Exercise objective - Reproduce this listing from its first line through the line with "Navigate to the element", inclusive, leaving out all that follows.
_ _ _
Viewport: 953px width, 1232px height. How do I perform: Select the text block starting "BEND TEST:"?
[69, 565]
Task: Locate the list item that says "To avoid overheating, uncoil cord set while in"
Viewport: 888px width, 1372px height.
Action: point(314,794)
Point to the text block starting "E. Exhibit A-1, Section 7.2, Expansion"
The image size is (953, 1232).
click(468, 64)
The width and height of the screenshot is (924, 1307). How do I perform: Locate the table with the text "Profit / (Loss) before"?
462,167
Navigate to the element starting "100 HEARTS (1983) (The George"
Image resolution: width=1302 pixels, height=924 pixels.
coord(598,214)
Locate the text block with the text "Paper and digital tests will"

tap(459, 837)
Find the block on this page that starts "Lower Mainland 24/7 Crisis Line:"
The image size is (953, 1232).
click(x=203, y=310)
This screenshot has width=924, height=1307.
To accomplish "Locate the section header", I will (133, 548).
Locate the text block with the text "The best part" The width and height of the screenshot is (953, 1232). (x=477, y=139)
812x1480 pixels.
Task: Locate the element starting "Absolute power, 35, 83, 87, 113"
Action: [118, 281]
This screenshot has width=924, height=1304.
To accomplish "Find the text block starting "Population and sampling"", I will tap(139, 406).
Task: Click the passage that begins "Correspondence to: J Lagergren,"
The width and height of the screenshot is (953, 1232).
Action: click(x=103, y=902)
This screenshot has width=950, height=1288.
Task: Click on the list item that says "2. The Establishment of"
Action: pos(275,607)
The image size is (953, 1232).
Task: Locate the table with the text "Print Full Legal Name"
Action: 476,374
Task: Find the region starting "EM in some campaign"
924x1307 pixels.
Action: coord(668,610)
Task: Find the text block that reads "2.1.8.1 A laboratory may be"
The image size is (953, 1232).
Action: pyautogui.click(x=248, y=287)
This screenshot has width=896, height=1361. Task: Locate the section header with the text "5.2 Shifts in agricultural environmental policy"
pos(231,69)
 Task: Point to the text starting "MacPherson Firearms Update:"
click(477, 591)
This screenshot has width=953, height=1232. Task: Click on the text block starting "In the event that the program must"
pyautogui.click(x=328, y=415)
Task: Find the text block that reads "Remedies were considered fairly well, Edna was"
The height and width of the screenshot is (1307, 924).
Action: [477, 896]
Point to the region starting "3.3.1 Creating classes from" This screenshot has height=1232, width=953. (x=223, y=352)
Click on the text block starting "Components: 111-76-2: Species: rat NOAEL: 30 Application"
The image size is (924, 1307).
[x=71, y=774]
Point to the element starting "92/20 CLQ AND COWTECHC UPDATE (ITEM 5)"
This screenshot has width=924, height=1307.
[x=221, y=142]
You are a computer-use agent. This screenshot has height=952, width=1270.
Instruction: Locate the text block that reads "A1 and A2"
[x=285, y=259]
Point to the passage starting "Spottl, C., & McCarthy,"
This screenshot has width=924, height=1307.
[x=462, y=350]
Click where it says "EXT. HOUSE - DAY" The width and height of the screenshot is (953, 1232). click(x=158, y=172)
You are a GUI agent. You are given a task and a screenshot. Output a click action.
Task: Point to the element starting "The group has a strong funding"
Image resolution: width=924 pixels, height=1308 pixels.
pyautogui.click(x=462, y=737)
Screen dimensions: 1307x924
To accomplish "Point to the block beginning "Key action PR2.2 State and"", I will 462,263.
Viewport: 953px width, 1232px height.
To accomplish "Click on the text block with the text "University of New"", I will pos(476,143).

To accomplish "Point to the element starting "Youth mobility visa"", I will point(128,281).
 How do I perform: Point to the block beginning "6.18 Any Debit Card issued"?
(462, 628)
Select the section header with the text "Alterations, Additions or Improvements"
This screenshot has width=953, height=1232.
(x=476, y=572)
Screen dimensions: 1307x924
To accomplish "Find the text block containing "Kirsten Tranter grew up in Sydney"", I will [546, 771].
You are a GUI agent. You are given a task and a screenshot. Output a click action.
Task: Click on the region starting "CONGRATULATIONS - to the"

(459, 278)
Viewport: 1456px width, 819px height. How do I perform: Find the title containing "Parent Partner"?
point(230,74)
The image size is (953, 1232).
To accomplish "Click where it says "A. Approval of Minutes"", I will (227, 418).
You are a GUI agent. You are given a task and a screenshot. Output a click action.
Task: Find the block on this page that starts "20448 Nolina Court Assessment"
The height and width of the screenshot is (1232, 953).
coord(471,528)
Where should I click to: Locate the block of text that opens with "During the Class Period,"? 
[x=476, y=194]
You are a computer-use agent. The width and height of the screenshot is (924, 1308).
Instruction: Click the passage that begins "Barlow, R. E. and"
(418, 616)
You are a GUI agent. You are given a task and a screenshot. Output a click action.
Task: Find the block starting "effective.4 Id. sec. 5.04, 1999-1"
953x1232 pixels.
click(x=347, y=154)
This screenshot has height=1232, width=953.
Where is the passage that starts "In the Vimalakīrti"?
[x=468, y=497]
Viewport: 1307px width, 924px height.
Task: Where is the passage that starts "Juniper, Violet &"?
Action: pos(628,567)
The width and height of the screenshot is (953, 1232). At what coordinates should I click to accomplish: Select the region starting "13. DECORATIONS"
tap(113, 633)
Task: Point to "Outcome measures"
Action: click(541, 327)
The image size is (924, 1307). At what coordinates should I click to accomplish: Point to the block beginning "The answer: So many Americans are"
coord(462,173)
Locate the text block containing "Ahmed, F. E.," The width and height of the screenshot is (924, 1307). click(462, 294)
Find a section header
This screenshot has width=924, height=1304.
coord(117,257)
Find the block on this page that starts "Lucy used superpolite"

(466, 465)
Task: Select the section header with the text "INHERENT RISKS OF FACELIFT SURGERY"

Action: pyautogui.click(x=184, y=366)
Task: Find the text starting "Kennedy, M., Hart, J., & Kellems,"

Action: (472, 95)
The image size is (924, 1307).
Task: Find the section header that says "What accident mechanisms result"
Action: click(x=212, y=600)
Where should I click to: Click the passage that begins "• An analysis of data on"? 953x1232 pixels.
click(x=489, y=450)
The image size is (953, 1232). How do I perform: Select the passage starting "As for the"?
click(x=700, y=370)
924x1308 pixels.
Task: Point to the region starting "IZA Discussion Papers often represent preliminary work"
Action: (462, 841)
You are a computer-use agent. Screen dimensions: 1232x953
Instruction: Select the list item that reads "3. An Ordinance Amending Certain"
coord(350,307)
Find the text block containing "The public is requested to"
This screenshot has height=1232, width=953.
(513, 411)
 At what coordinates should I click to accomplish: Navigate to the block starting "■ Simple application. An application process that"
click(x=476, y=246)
_ _ _
Answer below -
Viewport: 953px width, 1232px height. How do I perform: Select the text block starting "BEND TEST:"?
[69, 565]
Task: Locate the list item that says "To avoid overheating, uncoil cord set while in"
Viewport: 888px width, 1372px height.
Action: point(314,794)
Point to the text block starting "E. Exhibit A-1, Section 7.2, Expansion"
The image size is (953, 1232).
click(468, 64)
The width and height of the screenshot is (924, 1307). How do I perform: Locate the table with the text "Profit / (Loss) before"?
462,167
Navigate to the element starting "100 HEARTS (1983) (The George"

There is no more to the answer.